Osteoporosis
Osteoporosis is a generalised, progressive decline in bone tissue density causing skeletal weakness. Patients with uncomplicated osteoporosis may remain asymptomatic or they may experience aching pain in the bones, particularly the back, develop curvature of the spine, or experience a loss of height. It can progress without symptoms for many years to such advanced stages where debilitating fractures are the first painful symptoms of the disease. Research shows that one in two women and one in three men will sustain an osteoporosis related fracture in their lifetime.
The most common risk factors for osteoporosis include: low levels of estrogen, progesterone, testosterone and DHEA, chronic low intake of dietary calcium, cigarette smoking, high caffeine consumption, acidic diet, below average body weight, early menopause, family history (genetic), sedentary life style, use of certain drugs such as corticosteroids, alcohol, barbiturates, tobacco and heparin. If detected early, osteoporosis can be treated thus preventing further development of the disease.

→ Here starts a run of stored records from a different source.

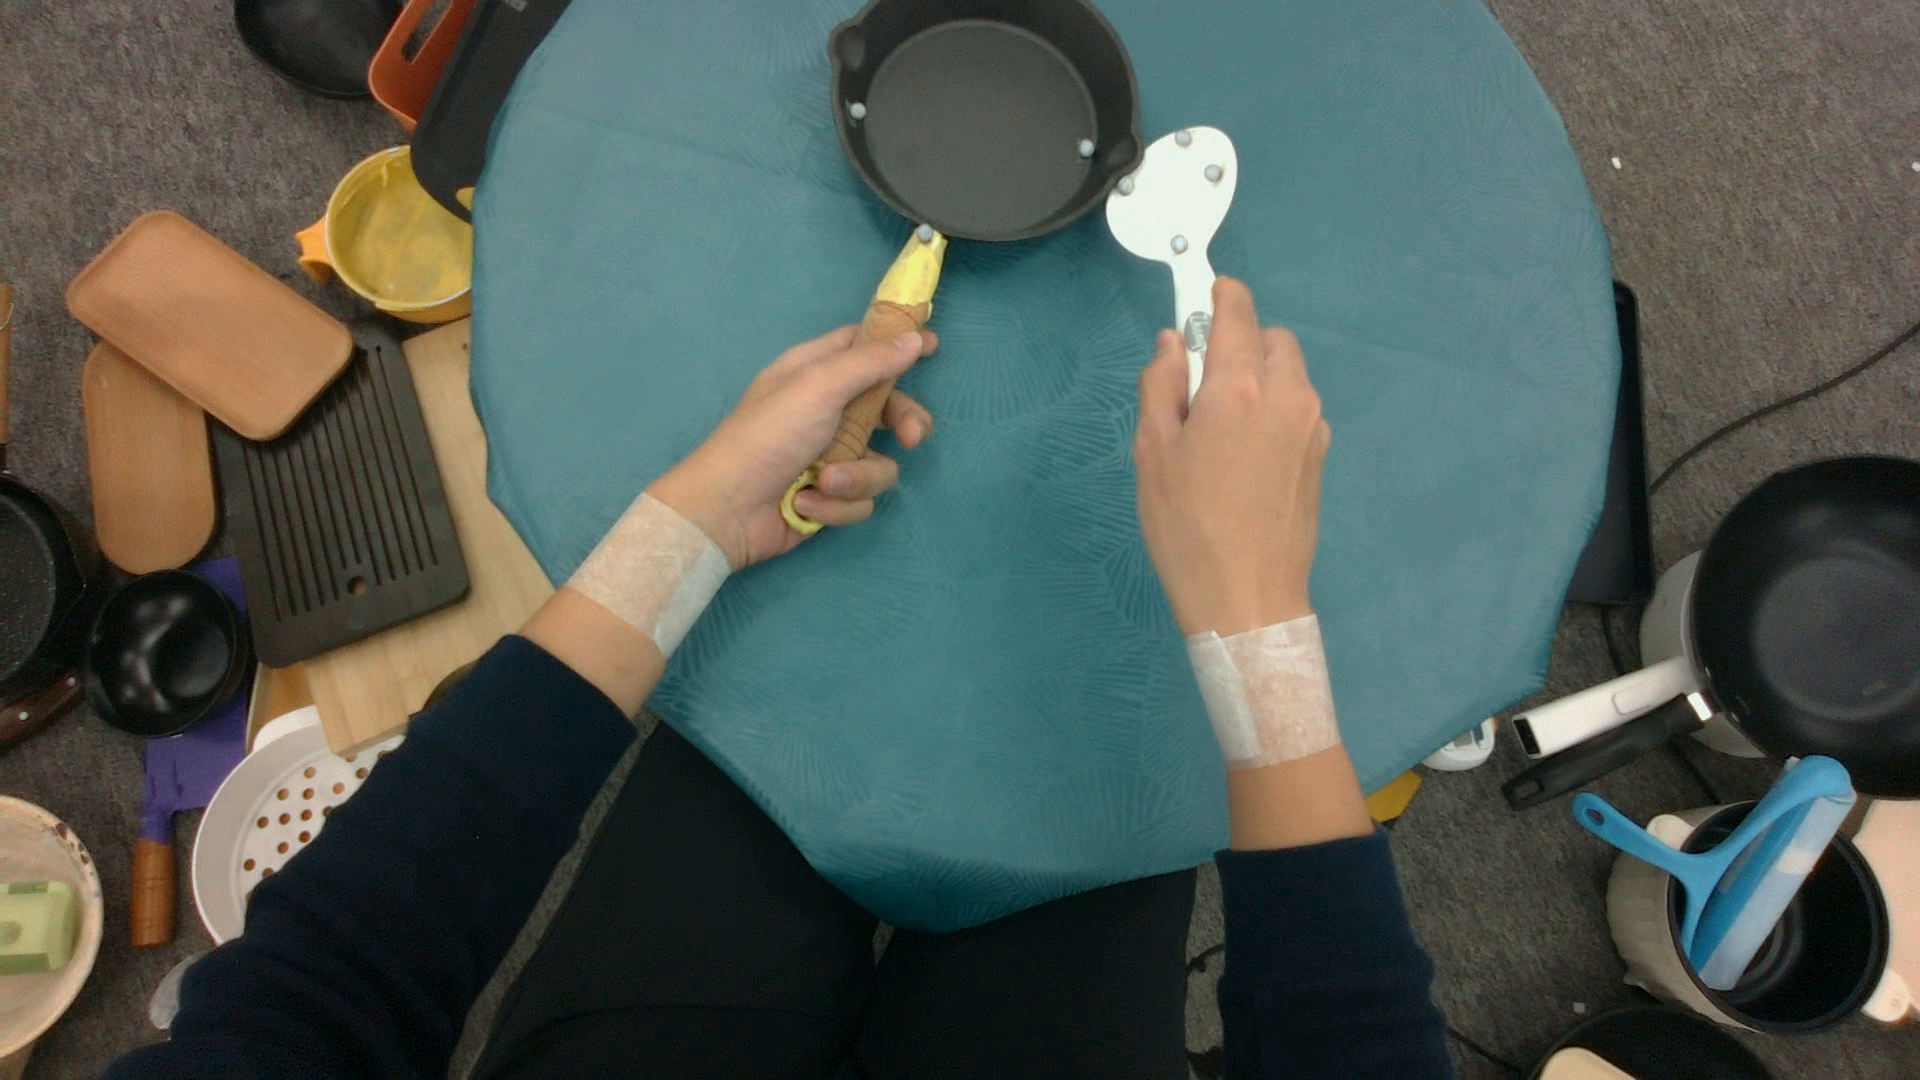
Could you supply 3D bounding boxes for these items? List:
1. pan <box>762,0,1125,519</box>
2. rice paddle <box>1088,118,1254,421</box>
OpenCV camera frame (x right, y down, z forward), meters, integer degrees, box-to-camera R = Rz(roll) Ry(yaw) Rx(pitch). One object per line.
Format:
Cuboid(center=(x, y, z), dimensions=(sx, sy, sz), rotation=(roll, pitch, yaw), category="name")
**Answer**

A major factor contributing to the onset of osteoporosis in women is the decline in hormone levels after the onset of menopause, as all the major sex hormones play an important roll in maintaining bone density. One in four postmenopausal women has osteoporosis. Progesterone is considered the most important hormone as it is able to stimulate osteoblast mediated new bone formation (see bone remodelling below). Dr John Lee has been the pioneer in research on bioidentical progesterone’s effects on osteoporosis. He followed 100 postmenopausal women, average age of 65.2, with evidence of osteoporosis for three years. His treatment program included 300mg calcium, 150mg magnesium and transdermal progesterone (dosage protocol below). The results were astounding with a 15.4% increase in bone mineral densities and no loss of height. Since this initial study thousands of women have used bioidentical progesterone to safely and effectively treat their diminishing bone density. The synthetic progestins have been found to produce only modest bone benefits when compared to bioidentical progesterone. Progesterone therapy has also been used in men to prevent osteoporosis whom cannot take testosterone supplements due to prostate cancer.

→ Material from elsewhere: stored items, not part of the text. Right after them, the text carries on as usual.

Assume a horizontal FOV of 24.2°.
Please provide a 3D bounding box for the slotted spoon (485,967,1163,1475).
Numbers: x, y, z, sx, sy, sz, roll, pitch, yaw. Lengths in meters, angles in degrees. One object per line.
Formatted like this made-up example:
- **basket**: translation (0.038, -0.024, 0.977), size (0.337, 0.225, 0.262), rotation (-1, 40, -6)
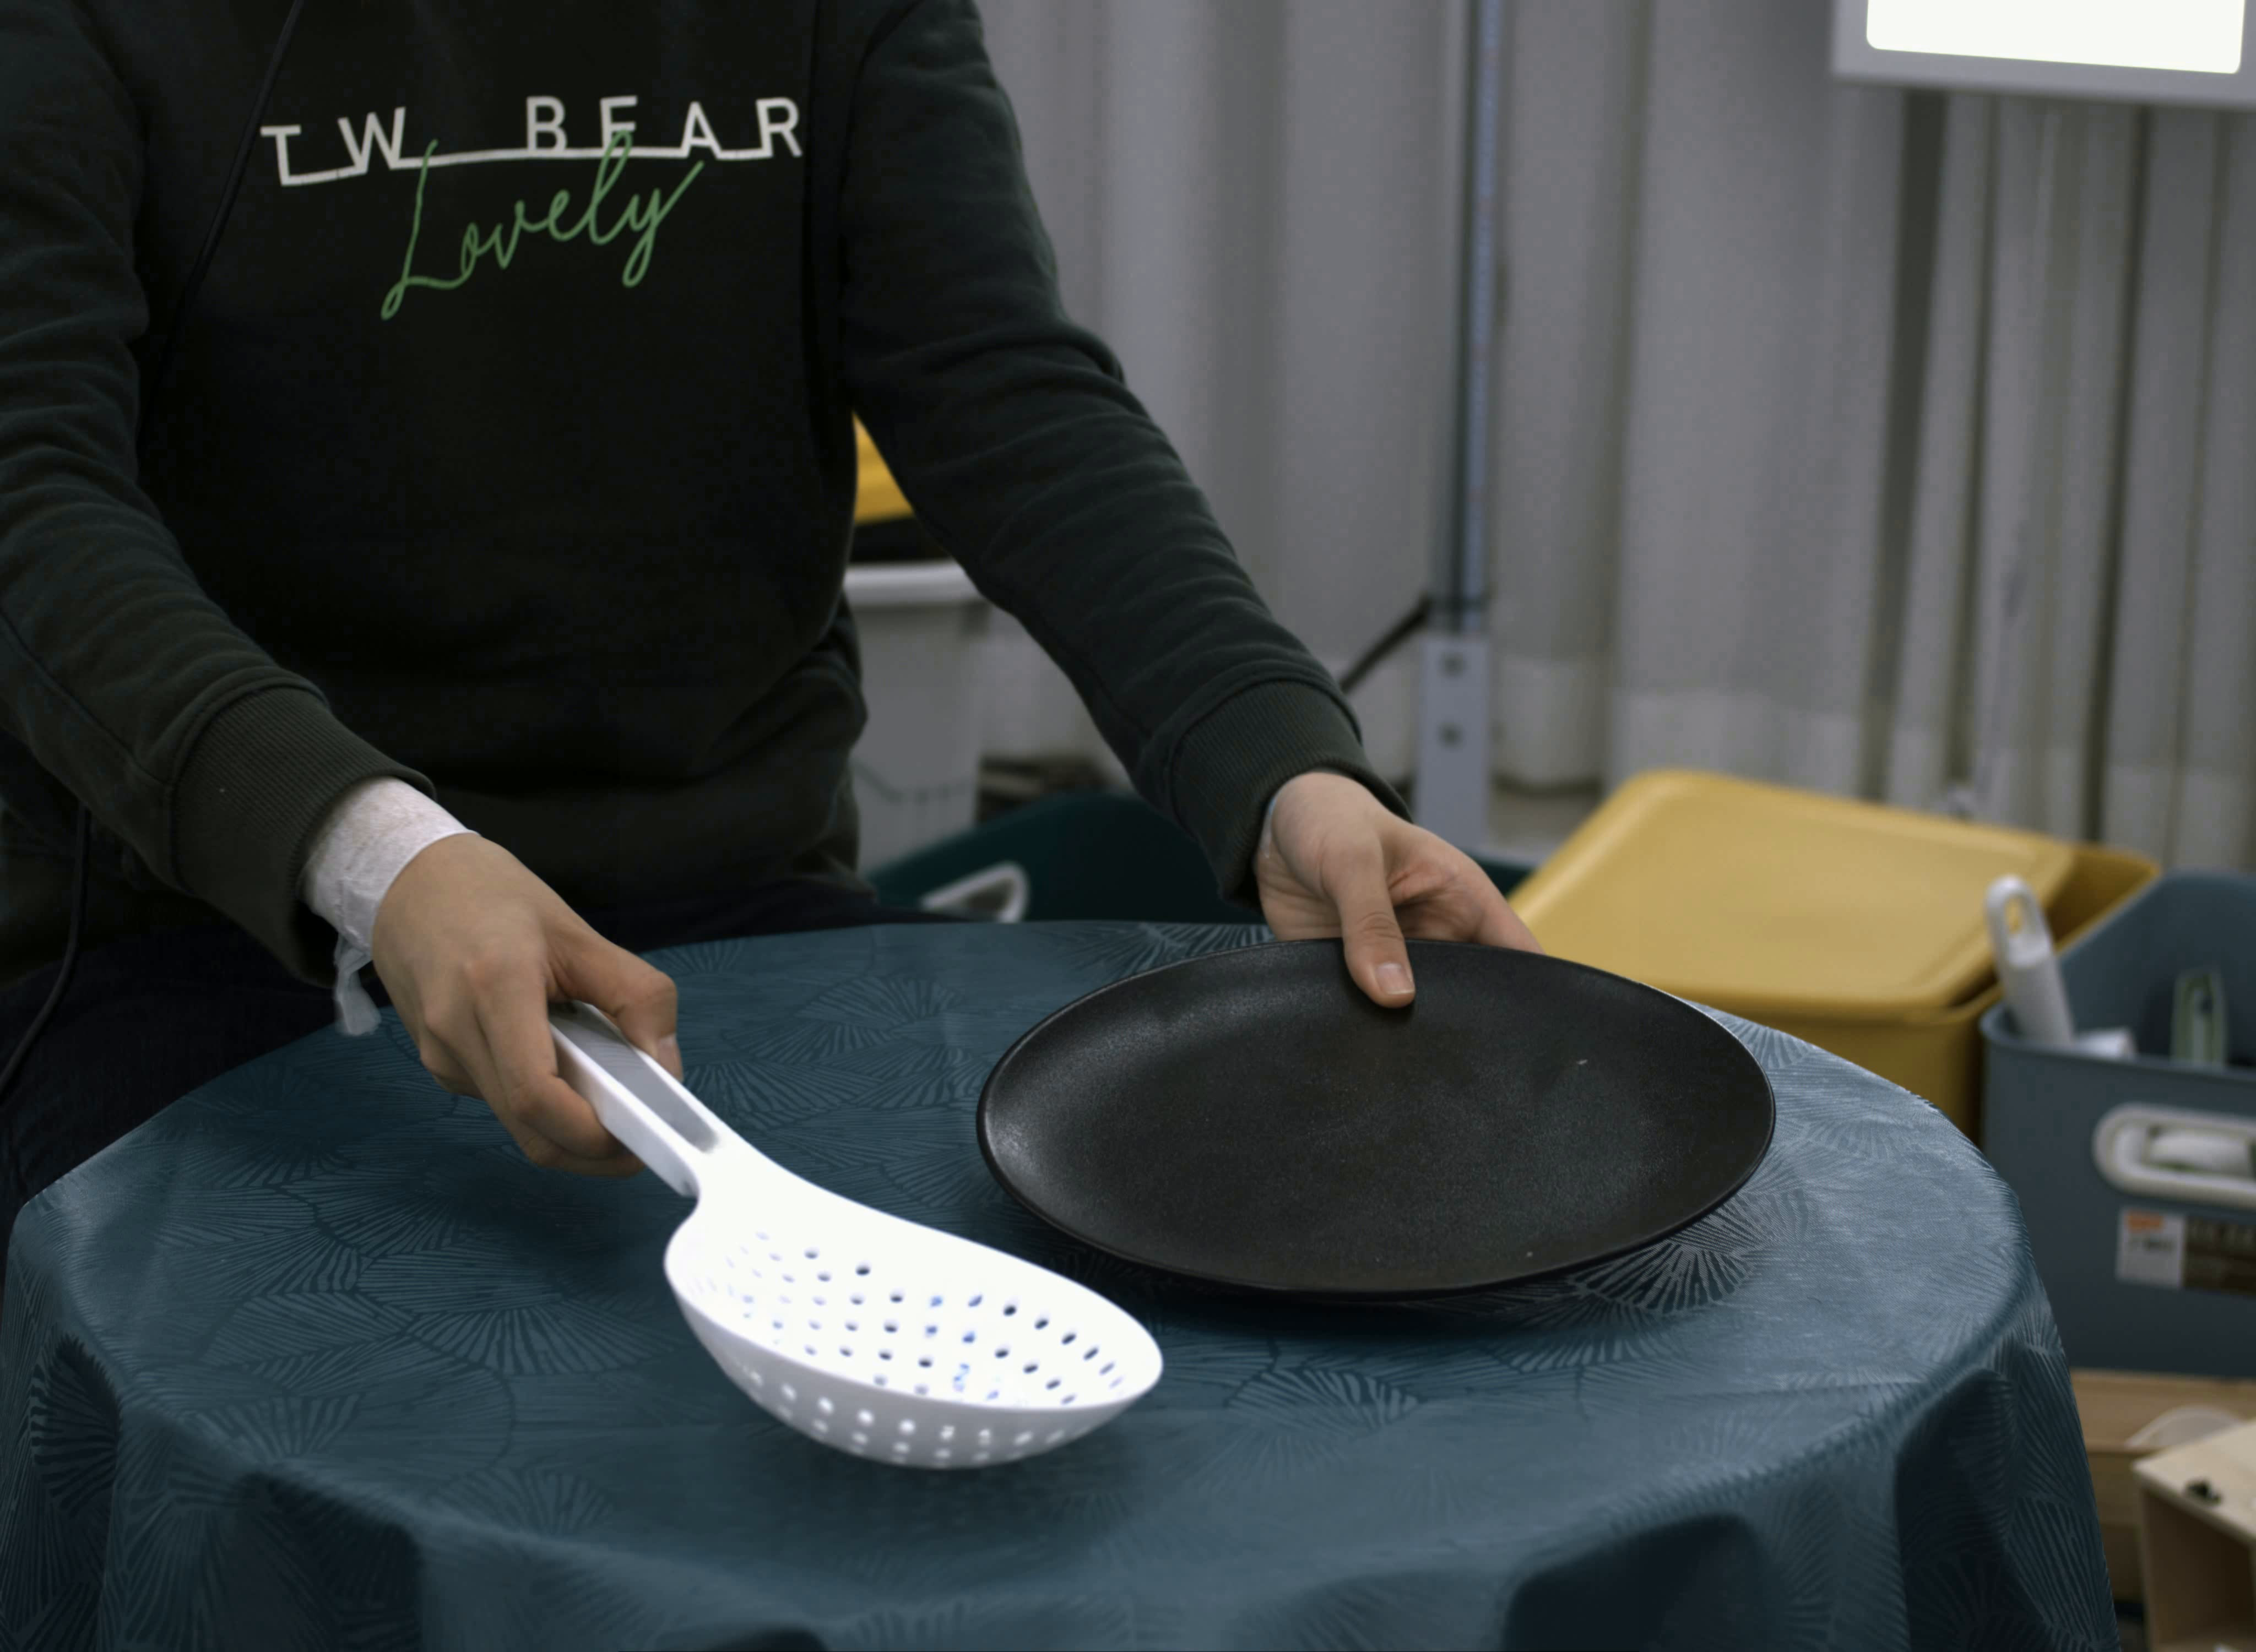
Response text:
- **slotted spoon**: translation (-0.109, 0.104, 1.494), size (0.137, 0.046, 0.345), rotation (7, 20, -32)

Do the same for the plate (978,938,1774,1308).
- **plate**: translation (0.076, 0.093, 1.610), size (0.243, 0.023, 0.242), rotation (-1, 24, 1)

A lack of estrogens are known to stimulate the production of interleukin-6, which stimulates the growth of osteoclasts, thus increasing bone resorption (see bone remodelling below). Research has shown that by supplementing oestrogens the rate of bone loss is significantly reduced. They also are able to increase the absorption of calcium from the intestinal tract. Since oestrogens can retard, but not reverse osteoporosis, they should be started sooner rather than latter to prevent excessive bone loss. They should be used in conjunction with progesterone, which has been shown to stimulate new bone formation.
Testosterone also contributes substantially to bone density. It has not yet been established if testosterone acts directly on bone, via receptors, or as a precursor for estrogen biosynthesis. Either way its presence is essential for higher bone mineral densities. It has been also been proposes that DHEA is able to stimulate bone formation, increase calcium absorption as well as inhibit bone resorption. Therefore it is important that as part of any women’s Individualised Bioidentical Hormone Replacement Therapy all these hormones are monitored and supplemented to obtain normal physiological levels.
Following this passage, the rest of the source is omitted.